Extracted entries:
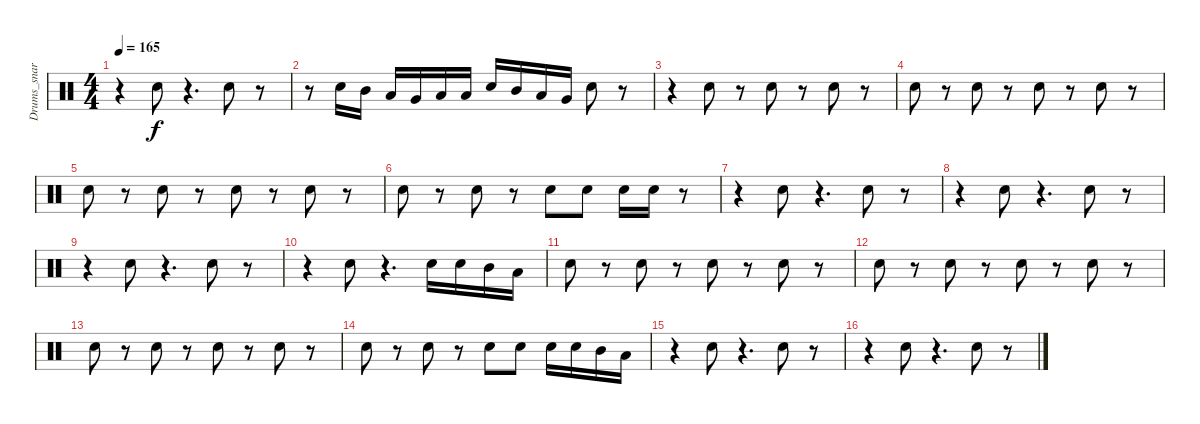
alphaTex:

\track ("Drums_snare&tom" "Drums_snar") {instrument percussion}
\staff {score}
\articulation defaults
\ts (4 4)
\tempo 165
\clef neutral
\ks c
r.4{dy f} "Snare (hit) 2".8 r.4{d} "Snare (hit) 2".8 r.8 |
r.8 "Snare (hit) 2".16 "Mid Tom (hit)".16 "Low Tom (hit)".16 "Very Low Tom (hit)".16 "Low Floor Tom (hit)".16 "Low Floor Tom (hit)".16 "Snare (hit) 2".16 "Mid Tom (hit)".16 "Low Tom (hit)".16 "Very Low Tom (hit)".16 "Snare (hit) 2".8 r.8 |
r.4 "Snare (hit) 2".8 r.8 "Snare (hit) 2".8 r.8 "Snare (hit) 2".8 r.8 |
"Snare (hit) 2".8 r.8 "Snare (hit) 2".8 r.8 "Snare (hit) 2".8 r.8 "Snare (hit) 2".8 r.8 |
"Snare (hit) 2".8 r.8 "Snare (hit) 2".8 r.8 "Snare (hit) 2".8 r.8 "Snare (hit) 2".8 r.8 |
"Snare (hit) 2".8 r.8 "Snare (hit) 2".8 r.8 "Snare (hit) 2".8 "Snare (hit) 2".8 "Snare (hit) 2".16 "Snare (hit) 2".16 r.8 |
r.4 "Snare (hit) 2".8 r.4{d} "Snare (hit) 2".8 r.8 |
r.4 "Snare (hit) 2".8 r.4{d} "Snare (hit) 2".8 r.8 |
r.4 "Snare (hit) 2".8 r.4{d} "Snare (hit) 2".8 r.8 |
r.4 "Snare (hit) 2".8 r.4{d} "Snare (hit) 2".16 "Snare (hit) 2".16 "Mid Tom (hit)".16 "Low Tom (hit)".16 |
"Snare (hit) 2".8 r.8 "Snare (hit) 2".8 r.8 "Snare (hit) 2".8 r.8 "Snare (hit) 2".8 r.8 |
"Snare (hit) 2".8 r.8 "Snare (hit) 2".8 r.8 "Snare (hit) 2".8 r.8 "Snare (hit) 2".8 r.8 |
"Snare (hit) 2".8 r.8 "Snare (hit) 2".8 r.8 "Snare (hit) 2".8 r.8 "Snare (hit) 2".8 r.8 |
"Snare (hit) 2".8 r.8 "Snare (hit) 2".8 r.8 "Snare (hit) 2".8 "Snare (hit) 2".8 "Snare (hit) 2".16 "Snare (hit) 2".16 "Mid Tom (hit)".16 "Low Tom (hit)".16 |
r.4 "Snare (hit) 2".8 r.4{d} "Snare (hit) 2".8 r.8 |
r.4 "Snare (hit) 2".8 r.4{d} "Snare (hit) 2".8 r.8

What to work on: Each record should be printed exactly as it appears, leaving the pictures out.

Task output:
alphaTex:

\track ("Drums_snare&tom" "Drums_snar") {instrument percussion}
\staff {score}
\articulation defaults
\ts (4 4)
\tempo 165
\clef neutral
\ks c
r.4{dy f} "Snare (hit) 2".8 r.4{d} "Snare (hit) 2".8 r.8 |
r.8 "Snare (hit) 2".16 "Mid Tom (hit)".16 "Low Tom (hit)".16 "Very Low Tom (hit)".16 "Low Floor Tom (hit)".16 "Low Floor Tom (hit)".16 "Snare (hit) 2".16 "Mid Tom (hit)".16 "Low Tom (hit)".16 "Very Low Tom (hit)".16 "Snare (hit) 2".8 r.8 |
r.4 "Snare (hit) 2".8 r.8 "Snare (hit) 2".8 r.8 "Snare (hit) 2".8 r.8 |
"Snare (hit) 2".8 r.8 "Snare (hit) 2".8 r.8 "Snare (hit) 2".8 r.8 "Snare (hit) 2".8 r.8 |
"Snare (hit) 2".8 r.8 "Snare (hit) 2".8 r.8 "Snare (hit) 2".8 r.8 "Snare (hit) 2".8 r.8 |
"Snare (hit) 2".8 r.8 "Snare (hit) 2".8 r.8 "Snare (hit) 2".8 "Snare (hit) 2".8 "Snare (hit) 2".16 "Snare (hit) 2".16 r.8 |
r.4 "Snare (hit) 2".8 r.4{d} "Snare (hit) 2".8 r.8 |
r.4 "Snare (hit) 2".8 r.4{d} "Snare (hit) 2".8 r.8 |
r.4 "Snare (hit) 2".8 r.4{d} "Snare (hit) 2".8 r.8 |
r.4 "Snare (hit) 2".8 r.4{d} "Snare (hit) 2".16 "Snare (hit) 2".16 "Mid Tom (hit)".16 "Low Tom (hit)".16 |
"Snare (hit) 2".8 r.8 "Snare (hit) 2".8 r.8 "Snare (hit) 2".8 r.8 "Snare (hit) 2".8 r.8 |
"Snare (hit) 2".8 r.8 "Snare (hit) 2".8 r.8 "Snare (hit) 2".8 r.8 "Snare (hit) 2".8 r.8 |
"Snare (hit) 2".8 r.8 "Snare (hit) 2".8 r.8 "Snare (hit) 2".8 r.8 "Snare (hit) 2".8 r.8 |
"Snare (hit) 2".8 r.8 "Snare (hit) 2".8 r.8 "Snare (hit) 2".8 "Snare (hit) 2".8 "Snare (hit) 2".16 "Snare (hit) 2".16 "Mid Tom (hit)".16 "Low Tom (hit)".16 |
r.4 "Snare (hit) 2".8 r.4{d} "Snare (hit) 2".8 r.8 |
r.4 "Snare (hit) 2".8 r.4{d} "Snare (hit) 2".8 r.8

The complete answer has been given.